Member of the Michigan House of Representatives from the 9th district
- In office January 1, 1979 – 1990
- Preceded by: George H. Edwards
- Succeeded by: Chester Wozniak

Personal details
- Born: February 28, 1926 Uniontown, Alabama
- Died: March 1, 1994 (aged 68) Detroit, Michigan
- Party: Democratic
- Spouse: Rohne
- Alma mater: Art Center Music School of Detroit Wayne County Community College

= Ethel Terrell =

American politician (1926–1994)

Ethel Miller Terrell (February 28, 1926March 1, 1994) was a Michigan politician.

==Early life==
Terrell was born on February 28, 1926, in Uniontown, Alabama, to parents Reverend Julis and Alberta Miller.

==Education==
Terrell attended the Art Center Music School of Detroit and Wayne County Community College. Terrell earned a degree from Baptist Training Union.
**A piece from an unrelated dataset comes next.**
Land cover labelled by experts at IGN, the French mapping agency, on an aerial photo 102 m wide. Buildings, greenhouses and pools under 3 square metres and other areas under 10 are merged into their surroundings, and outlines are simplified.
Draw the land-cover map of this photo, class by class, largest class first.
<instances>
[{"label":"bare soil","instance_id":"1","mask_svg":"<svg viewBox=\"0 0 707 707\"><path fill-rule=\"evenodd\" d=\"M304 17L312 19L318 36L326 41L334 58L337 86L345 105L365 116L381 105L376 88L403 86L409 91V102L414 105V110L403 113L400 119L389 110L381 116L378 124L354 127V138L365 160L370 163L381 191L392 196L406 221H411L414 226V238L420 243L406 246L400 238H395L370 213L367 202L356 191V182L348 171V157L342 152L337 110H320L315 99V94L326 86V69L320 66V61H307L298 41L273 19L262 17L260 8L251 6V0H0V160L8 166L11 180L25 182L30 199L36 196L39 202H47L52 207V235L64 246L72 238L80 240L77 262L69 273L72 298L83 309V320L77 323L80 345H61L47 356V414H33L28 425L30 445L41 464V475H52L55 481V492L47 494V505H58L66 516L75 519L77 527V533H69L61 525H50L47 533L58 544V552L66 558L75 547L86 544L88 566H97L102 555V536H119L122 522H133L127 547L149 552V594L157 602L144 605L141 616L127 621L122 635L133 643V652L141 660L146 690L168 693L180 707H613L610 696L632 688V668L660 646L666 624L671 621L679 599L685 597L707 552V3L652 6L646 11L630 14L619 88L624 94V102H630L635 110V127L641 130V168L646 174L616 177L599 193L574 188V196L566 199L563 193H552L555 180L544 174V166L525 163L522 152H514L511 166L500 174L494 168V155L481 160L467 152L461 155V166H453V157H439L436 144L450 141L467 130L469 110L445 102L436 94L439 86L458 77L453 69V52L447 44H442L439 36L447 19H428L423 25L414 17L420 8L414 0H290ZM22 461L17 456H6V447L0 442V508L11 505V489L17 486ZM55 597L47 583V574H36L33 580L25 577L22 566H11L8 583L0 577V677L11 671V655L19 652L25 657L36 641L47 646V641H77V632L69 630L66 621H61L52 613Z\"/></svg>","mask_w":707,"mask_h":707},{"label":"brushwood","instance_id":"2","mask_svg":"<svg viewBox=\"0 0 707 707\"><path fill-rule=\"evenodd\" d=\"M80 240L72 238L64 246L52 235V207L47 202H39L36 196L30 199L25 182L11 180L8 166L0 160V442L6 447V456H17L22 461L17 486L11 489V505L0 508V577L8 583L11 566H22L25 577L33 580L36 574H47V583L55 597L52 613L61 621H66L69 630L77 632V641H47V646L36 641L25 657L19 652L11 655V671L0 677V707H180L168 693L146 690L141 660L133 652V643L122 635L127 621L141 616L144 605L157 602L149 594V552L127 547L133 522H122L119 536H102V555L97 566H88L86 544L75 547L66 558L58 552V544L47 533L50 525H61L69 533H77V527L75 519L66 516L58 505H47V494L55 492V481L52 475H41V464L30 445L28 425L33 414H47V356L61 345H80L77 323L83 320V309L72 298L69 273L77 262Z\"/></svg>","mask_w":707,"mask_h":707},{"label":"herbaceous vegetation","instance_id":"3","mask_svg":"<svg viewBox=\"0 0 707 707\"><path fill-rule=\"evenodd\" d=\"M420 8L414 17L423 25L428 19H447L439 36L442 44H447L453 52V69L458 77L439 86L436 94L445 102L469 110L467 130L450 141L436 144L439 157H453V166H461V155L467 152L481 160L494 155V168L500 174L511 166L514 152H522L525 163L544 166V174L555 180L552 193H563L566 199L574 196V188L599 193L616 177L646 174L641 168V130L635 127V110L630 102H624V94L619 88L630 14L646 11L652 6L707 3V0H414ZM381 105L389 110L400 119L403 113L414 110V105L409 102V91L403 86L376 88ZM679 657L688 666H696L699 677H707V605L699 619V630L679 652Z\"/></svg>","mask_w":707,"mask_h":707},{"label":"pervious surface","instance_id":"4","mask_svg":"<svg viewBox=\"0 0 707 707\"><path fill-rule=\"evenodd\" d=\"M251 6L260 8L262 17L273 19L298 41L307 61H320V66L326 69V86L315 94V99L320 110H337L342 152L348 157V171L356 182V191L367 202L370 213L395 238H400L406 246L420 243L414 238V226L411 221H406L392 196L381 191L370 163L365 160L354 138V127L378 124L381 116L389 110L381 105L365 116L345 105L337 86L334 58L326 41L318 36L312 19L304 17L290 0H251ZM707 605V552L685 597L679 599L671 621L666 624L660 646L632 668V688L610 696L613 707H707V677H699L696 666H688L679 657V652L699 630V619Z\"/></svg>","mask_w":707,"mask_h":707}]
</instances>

Terrell received an honorary Doctor of Law degree from Urban Baptist College in Detroit.

==Career==
In 1962, Terrell was a candidate in the Democratic primary for the position of delegate to the Michigan state constitutional convention representing the 3rd Senatorial District. In 1964, Terrell was a delegate to Democratic National Convention from Michigan. In 1968, Terrell was elected the Highland Park city council, becoming the first black woman city council member in Michigan and the first woman city council member in Highland Park. On November 7, 1978, Terrell was elected to the Michigan House of Representatives where she represented the 9th district from January 10, 1979, to 1990. She was defeated in the primary for the same position in 1990. In 1988, Terrell unsuccessfully ran in the primary for the position of Michigan state senator representing the 2nd district.

==Personal life==
Terrell was married to Rohne. She was widowed around 1985. Terrell was Baptist.

==Death==
Terrell died on March 1, 1994, in Detroit. Her last residence was Highland Park, Michigan.